| Task to complete |
In the data below, the answer is the run of lines from the line containing "This screenshot has width=953, height=1232." through the line containing "Navigate to the", both included; print it exactly and nothing else.

| Records shown |
= Beginning of Section =
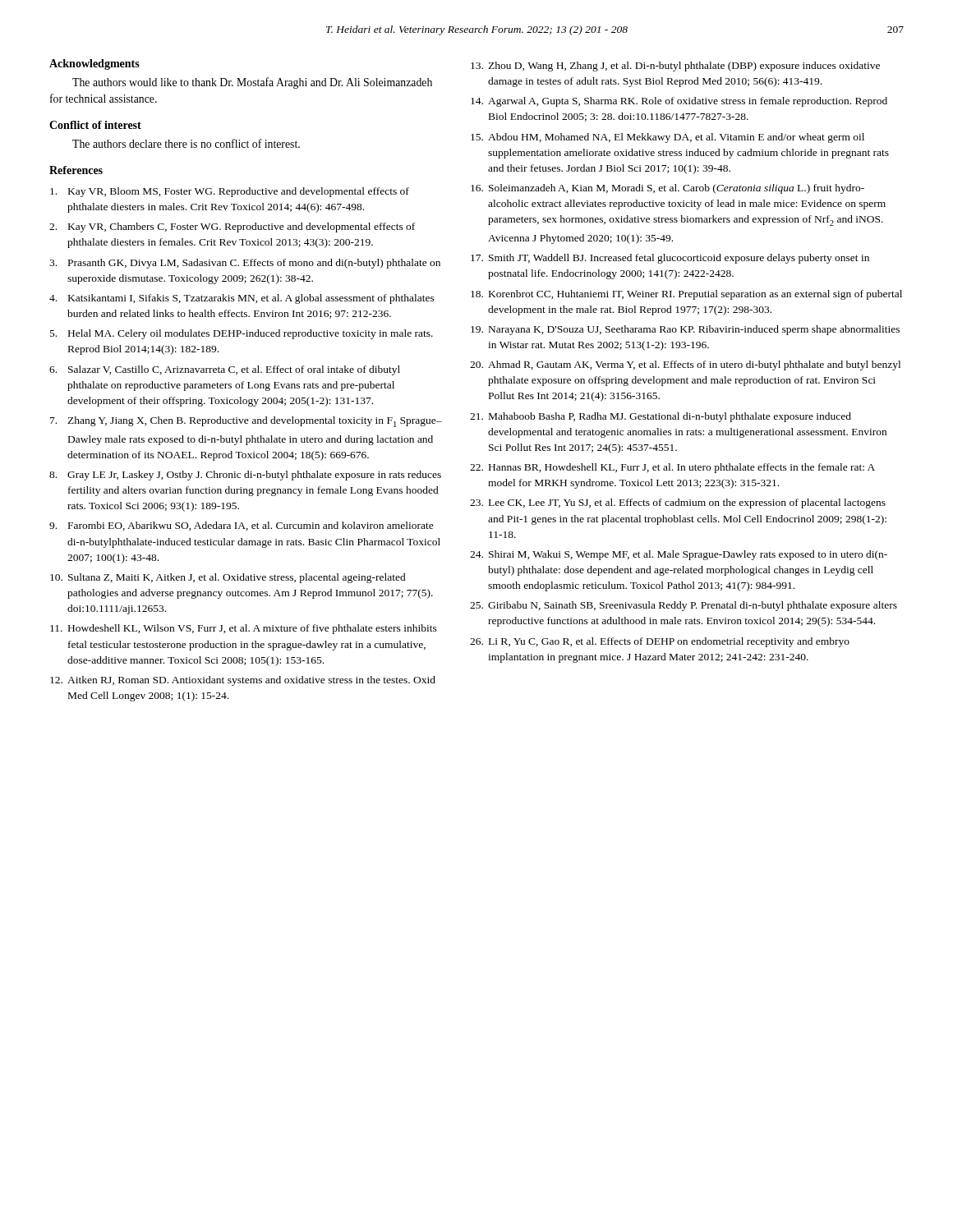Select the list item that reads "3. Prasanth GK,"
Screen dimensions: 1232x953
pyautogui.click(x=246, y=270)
= End of Section =
= Beginning of Section =
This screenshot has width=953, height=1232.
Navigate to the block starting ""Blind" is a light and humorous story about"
= End of Section =
= Beginning of Section =
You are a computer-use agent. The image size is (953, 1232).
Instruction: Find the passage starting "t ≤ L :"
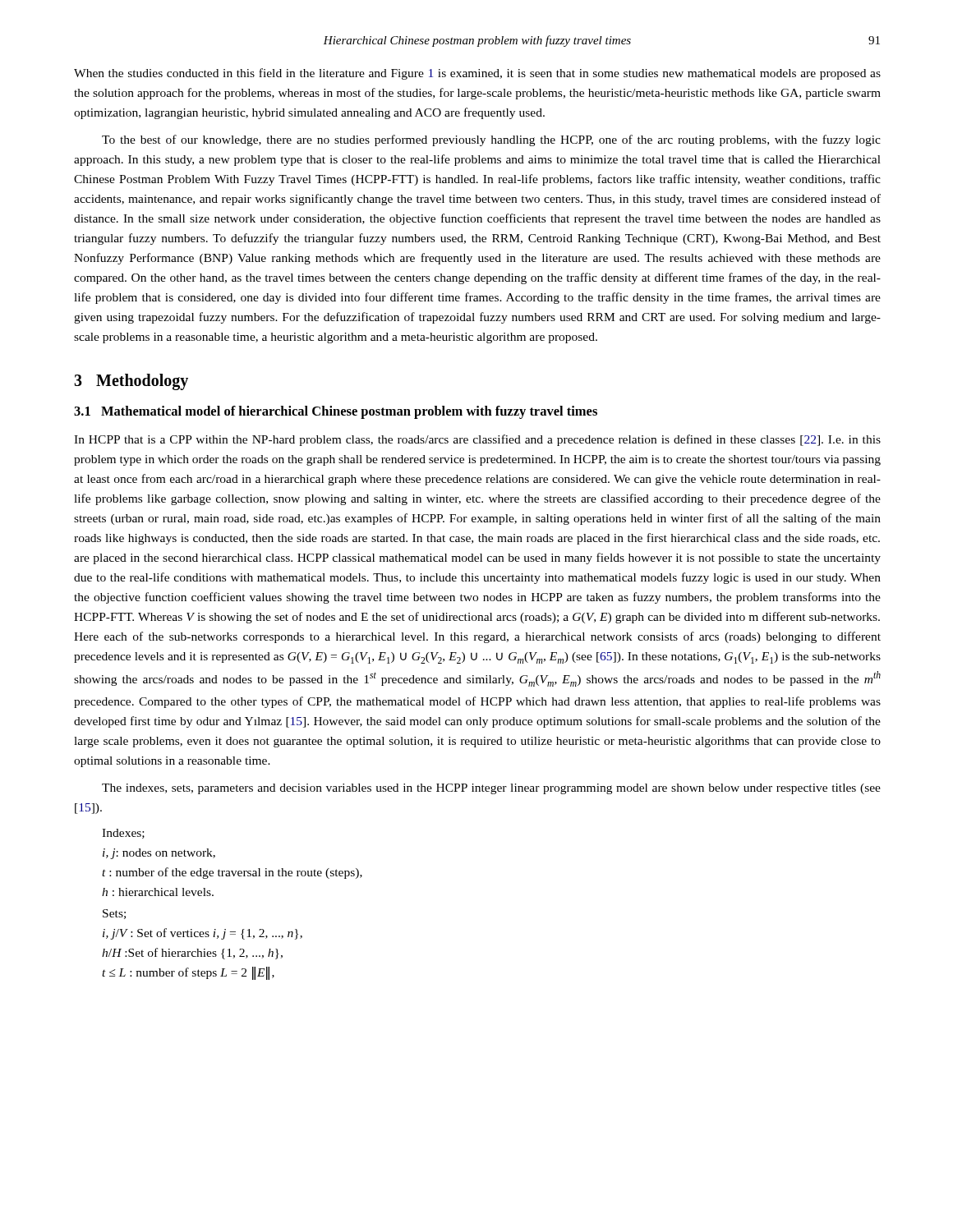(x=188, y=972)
= End of Section =
| Solution for this task |
This screenshot has width=953, height=1232.
Navigate to the block starting ""Blind" is a light and humorous story about"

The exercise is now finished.